**Data excerpts:**
+ + + + + + +
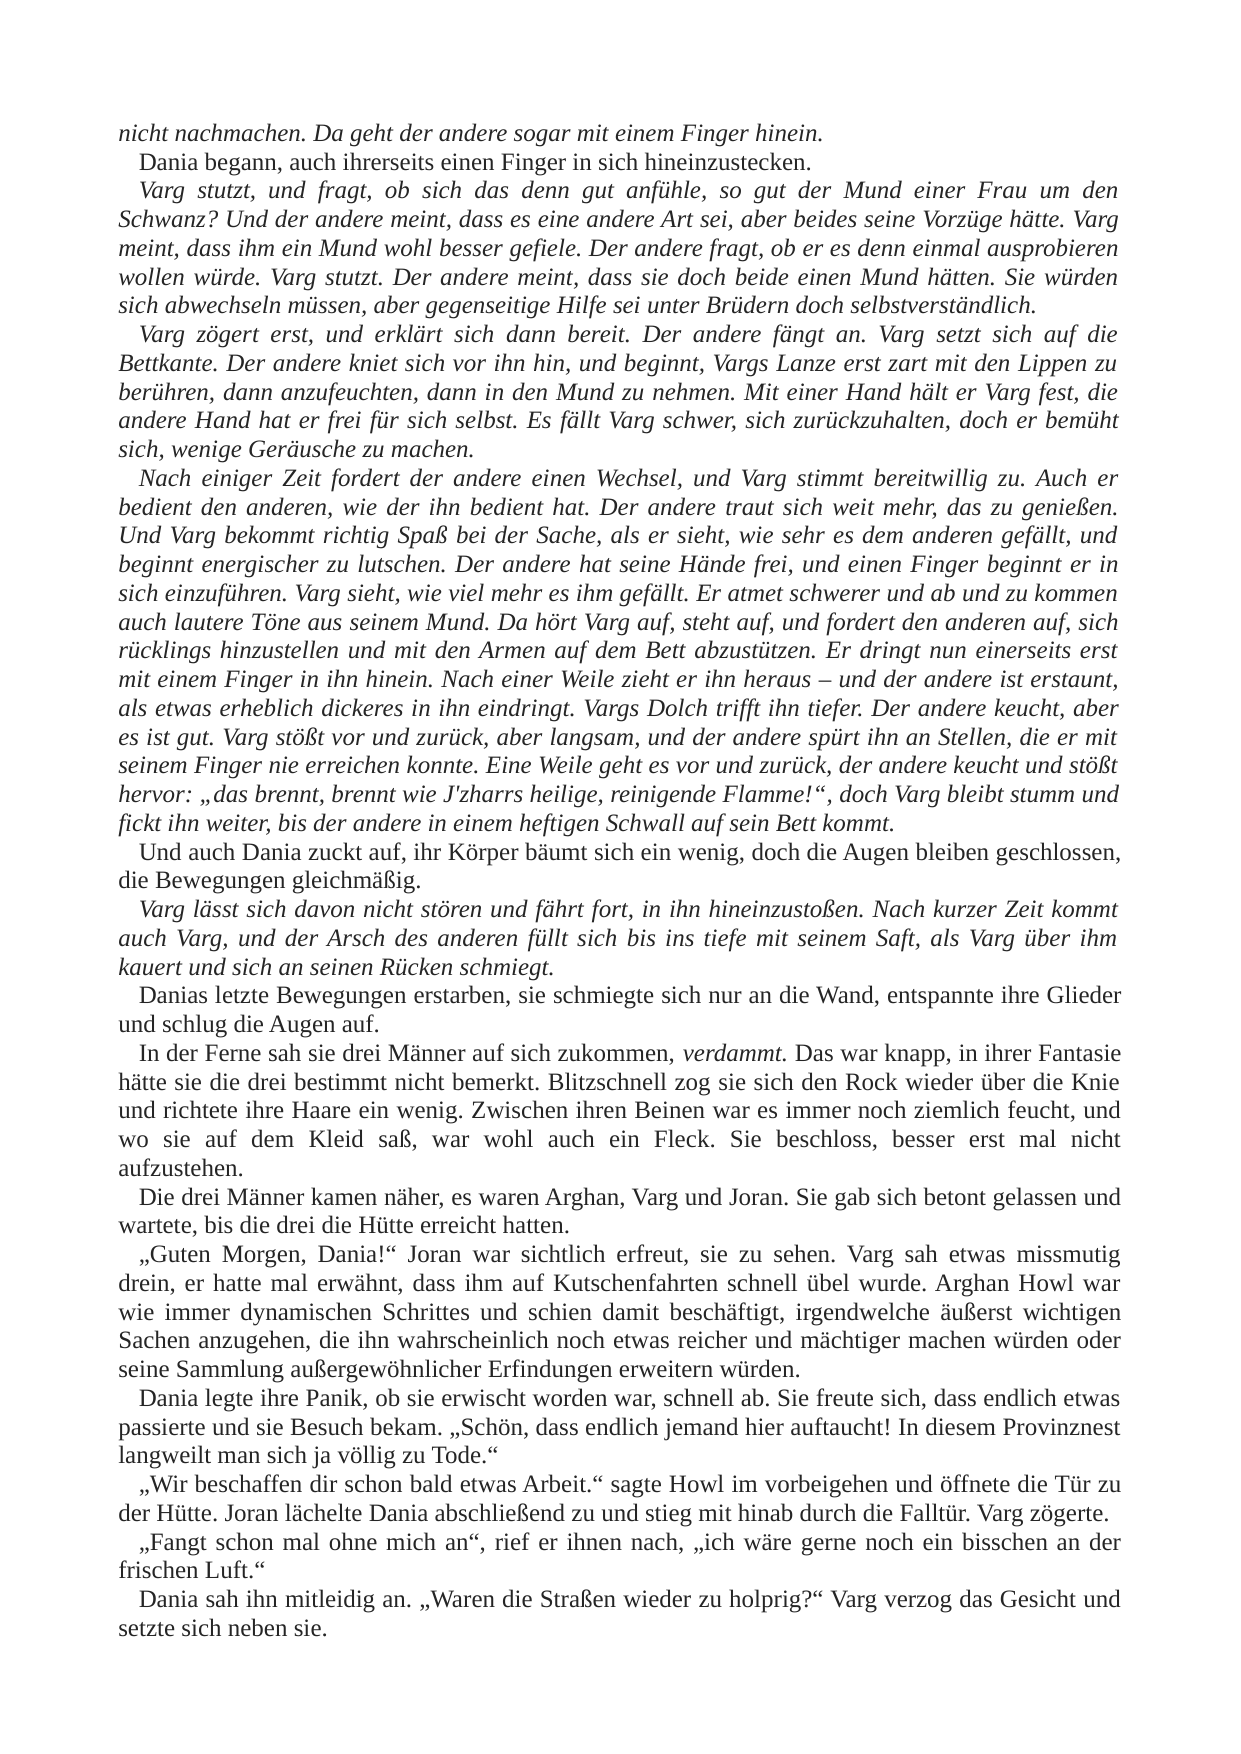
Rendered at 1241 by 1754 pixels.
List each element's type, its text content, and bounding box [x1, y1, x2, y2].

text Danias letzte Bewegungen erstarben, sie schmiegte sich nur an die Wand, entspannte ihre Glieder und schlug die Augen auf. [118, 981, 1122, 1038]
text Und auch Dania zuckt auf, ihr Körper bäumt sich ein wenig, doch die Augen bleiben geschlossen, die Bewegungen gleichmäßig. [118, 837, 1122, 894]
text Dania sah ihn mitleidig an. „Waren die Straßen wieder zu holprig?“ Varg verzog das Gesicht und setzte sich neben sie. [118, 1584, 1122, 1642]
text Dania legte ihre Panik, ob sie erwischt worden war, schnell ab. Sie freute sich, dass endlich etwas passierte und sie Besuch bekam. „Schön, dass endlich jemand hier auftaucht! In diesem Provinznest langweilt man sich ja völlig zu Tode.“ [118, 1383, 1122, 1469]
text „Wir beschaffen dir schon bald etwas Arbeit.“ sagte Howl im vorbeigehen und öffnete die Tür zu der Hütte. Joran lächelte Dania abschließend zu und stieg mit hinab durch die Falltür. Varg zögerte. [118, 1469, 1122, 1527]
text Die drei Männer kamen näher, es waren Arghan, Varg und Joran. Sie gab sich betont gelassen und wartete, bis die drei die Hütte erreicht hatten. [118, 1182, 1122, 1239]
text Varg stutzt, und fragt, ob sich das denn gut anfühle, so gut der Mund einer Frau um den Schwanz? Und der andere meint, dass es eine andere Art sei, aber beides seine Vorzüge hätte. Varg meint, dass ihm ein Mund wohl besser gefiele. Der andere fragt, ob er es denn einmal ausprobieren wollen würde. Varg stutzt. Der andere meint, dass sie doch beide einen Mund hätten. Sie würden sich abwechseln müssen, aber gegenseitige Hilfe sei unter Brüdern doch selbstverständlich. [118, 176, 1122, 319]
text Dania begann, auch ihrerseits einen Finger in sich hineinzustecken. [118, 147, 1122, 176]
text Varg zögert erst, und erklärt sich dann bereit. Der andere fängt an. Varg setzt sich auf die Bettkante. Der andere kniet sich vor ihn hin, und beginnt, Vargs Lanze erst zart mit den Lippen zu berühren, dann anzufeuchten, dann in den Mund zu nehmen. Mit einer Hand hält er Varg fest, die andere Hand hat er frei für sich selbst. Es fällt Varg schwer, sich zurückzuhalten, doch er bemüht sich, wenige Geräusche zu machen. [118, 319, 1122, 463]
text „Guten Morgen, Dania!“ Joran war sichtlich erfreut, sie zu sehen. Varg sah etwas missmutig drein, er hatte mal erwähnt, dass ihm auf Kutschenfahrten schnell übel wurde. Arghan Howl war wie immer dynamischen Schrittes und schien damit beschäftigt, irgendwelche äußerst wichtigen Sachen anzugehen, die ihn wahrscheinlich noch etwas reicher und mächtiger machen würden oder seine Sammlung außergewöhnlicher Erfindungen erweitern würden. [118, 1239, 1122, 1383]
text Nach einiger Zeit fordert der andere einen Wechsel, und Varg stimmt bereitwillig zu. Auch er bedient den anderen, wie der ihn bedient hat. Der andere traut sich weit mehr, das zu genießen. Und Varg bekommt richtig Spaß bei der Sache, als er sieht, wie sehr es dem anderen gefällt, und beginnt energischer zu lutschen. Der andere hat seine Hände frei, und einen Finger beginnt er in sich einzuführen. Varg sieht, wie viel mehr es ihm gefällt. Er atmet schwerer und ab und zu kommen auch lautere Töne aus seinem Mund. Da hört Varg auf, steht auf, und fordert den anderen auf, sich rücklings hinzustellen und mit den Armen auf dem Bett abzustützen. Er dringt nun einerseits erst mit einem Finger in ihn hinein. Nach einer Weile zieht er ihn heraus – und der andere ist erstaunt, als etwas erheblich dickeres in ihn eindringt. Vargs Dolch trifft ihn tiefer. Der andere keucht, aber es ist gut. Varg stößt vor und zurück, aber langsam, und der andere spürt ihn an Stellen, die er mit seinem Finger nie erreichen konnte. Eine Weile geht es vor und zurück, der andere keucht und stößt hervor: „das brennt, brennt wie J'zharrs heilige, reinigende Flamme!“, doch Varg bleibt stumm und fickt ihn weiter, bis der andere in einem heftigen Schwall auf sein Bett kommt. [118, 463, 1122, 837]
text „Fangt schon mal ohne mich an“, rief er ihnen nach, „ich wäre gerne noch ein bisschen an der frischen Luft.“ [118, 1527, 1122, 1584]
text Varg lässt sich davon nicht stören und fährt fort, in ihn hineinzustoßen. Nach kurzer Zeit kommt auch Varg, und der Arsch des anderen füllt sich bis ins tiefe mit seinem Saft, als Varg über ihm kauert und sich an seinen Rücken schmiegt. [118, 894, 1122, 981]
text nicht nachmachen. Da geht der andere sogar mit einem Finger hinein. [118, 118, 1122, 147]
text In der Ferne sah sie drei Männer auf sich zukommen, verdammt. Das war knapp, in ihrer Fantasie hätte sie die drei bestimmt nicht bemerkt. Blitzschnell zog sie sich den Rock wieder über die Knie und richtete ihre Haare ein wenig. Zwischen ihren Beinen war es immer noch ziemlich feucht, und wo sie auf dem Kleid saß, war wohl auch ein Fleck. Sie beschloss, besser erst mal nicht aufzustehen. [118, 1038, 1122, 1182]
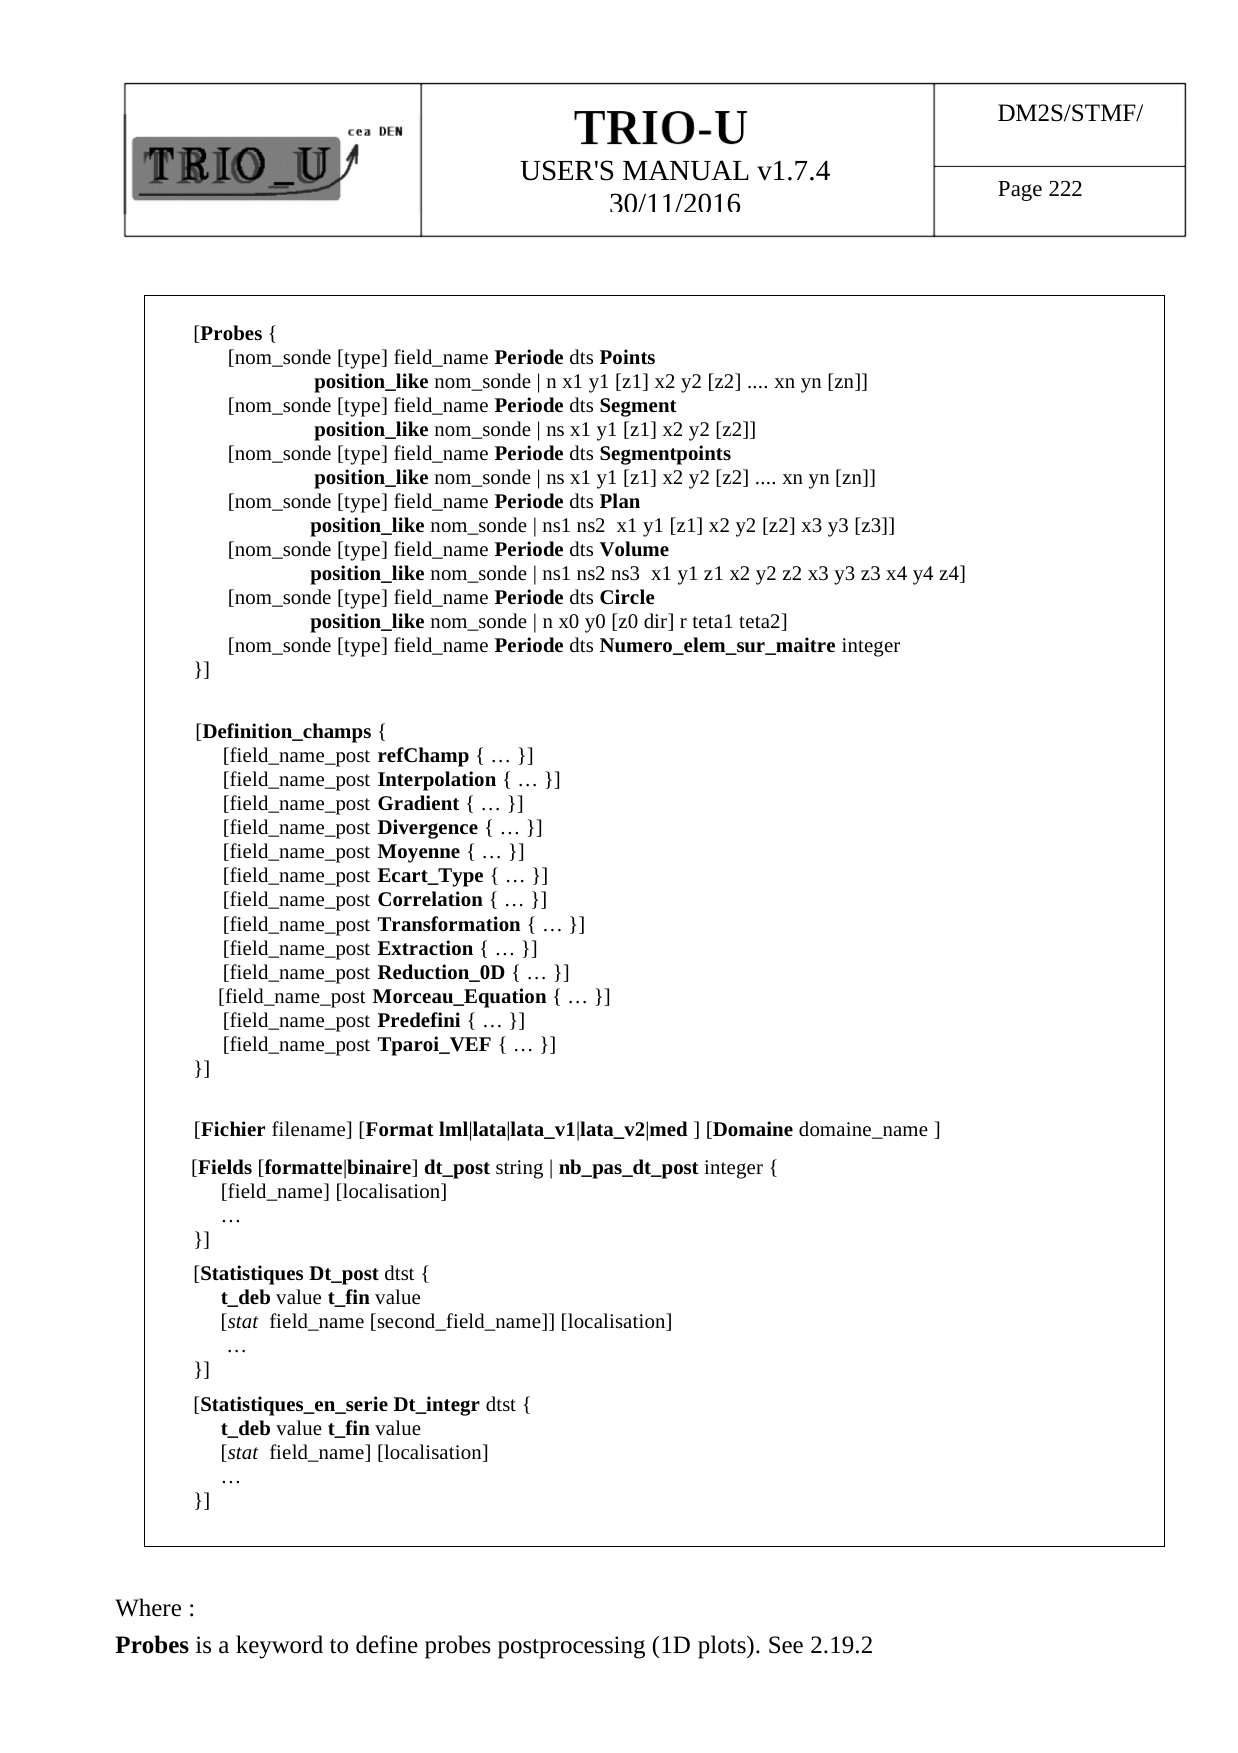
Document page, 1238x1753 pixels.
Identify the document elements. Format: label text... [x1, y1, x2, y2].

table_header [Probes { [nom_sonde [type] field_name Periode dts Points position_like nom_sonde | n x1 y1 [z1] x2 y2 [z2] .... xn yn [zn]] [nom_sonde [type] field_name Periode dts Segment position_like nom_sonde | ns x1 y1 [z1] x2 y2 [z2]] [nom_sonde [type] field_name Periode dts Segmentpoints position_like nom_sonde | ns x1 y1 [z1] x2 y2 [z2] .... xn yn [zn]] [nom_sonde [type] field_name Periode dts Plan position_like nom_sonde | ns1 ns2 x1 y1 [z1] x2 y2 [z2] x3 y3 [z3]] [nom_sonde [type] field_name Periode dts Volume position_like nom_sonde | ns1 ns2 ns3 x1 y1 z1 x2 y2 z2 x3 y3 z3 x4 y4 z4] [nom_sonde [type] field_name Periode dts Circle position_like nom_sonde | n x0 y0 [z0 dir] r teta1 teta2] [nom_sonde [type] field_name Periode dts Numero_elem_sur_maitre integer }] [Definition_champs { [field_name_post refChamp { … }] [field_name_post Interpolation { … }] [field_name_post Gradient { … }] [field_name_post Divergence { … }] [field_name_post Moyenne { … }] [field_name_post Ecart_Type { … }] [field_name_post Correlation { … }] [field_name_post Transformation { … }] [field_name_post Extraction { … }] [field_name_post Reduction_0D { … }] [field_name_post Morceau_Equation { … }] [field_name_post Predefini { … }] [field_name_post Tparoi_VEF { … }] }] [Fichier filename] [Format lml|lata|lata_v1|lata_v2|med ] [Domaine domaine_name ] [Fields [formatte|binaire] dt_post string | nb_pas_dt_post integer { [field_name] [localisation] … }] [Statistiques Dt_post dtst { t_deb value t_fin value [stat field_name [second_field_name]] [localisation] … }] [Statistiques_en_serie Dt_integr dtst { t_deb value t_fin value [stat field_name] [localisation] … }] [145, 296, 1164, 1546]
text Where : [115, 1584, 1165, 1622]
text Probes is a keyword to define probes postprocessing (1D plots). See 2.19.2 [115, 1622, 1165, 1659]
+ + + + + + +
**WHAT THE TASK REQUIRES:**
Transcribe the records above from the line holding "text „Wir beschaffen" down to the line holding "text Varg zögert", inclusive, without adding anything.

**RESULT OF THIS TASK:**
text „Wir beschaffen dir schon bald etwas Arbeit.“ sagte Howl im vorbeigehen und öffnete die Tür zu der Hütte. Joran lächelte Dania abschließend zu und stieg mit hinab durch die Falltür. Varg zögerte. [118, 1469, 1122, 1527]
text Die drei Männer kamen näher, es waren Arghan, Varg und Joran. Sie gab sich betont gelassen und wartete, bis die drei die Hütte erreicht hatten. [118, 1182, 1122, 1239]
text Varg stutzt, und fragt, ob sich das denn gut anfühle, so gut der Mund einer Frau um den Schwanz? Und der andere meint, dass es eine andere Art sei, aber beides seine Vorzüge hätte. Varg meint, dass ihm ein Mund wohl besser gefiele. Der andere fragt, ob er es denn einmal ausprobieren wollen würde. Varg stutzt. Der andere meint, dass sie doch beide einen Mund hätten. Sie würden sich abwechseln müssen, aber gegenseitige Hilfe sei unter Brüdern doch selbstverständlich. [118, 176, 1122, 319]
text Dania begann, auch ihrerseits einen Finger in sich hineinzustecken. [118, 147, 1122, 176]
text Varg zögert erst, und erklärt sich dann bereit. Der andere fängt an. Varg setzt sich auf die Bettkante. Der andere kniet sich vor ihn hin, und beginnt, Vargs Lanze erst zart mit den Lippen zu berühren, dann anzufeuchten, dann in den Mund zu nehmen. Mit einer Hand hält er Varg fest, die andere Hand hat er frei für sich selbst. Es fällt Varg schwer, sich zurückzuhalten, doch er bemüht sich, wenige Geräusche zu machen. [118, 319, 1122, 463]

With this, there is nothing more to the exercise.